Hoe werkt dat precies?
'Het vogelgriepvirus is een levend vaccin, dat in Nederland op alle pluimveehouderijen wordt gebruikt. Je snuift het op en controleert vervolgens of je genoeg antistoffen aanmaakt. Deze twee patiënten leven zeven jaar later nog steeds.'
Maar hoe bedachten ze dat dan?
'In landen als Taiwan is het al een bekende behandeling. Met een team van oncologen, virologen en neurochirurgen willen we nu met het geld dat Support Casper opbrengt, onderzoek doen naar immuno-virotherapie. Daarmee kun je kankercellen opruimen met behulp van virussen die zo zijn aangepast dat ze specifieke tumorcellen herkennen.'
Als de behandeling dus al bekend was, is het dan niet wrang dat een varkensboer uit Overijssel die eerder gaat uitproberen dan een academisch ziekenhuis?

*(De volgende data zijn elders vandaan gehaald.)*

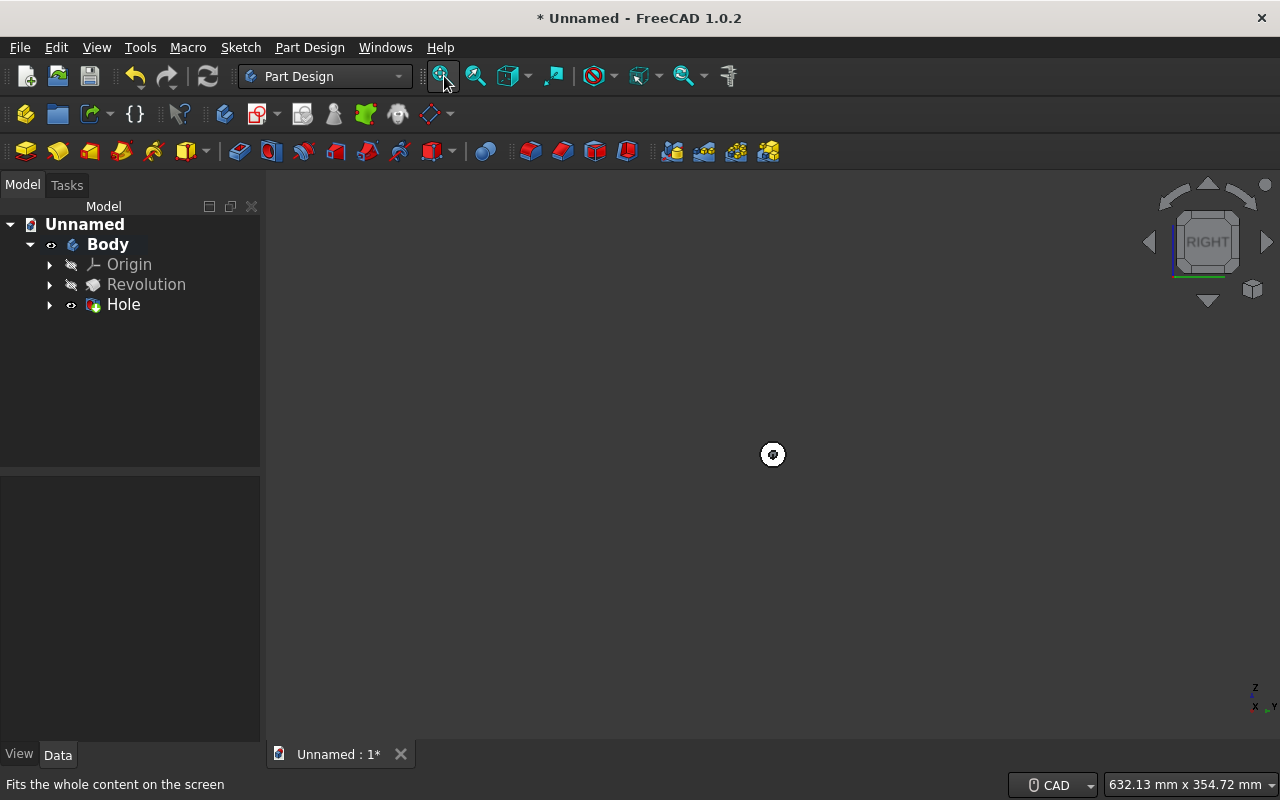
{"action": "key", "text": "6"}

'Daar spelen een paar dingen mee. Ten eerste kan zo'n virus besmettingsgevaar voor andere patiënten opleveren. De tweede verklaring is een teer punt. Medische ontwikkelingen worden voor het grootste gedeelte geleid door de farmaceutische industrie. Dat vind ik een groot manco. Samen met een aantal vooraanstaande collega's deed ik onderzoek naar interferonen, stofjes die vrijkomen bij het griepvirus. We ontdekten dat chemotherapie veel effectiever is als je het combineert met een bepaald interferon. MS-patiënten krijgen het, dus ik belde de leverancier, dat wij het ook wilden gaan gebruiken bij pancreaskanker. Geen sprake van. Zou het namelijk toch niet werken, dan kwam het medicijn en daarmee de fabrikant in een negatief daglicht. Dus we kregen het niet.'
En dan geef je maar weer chemotherapie, terwijl dat nauwelijks effect heeft?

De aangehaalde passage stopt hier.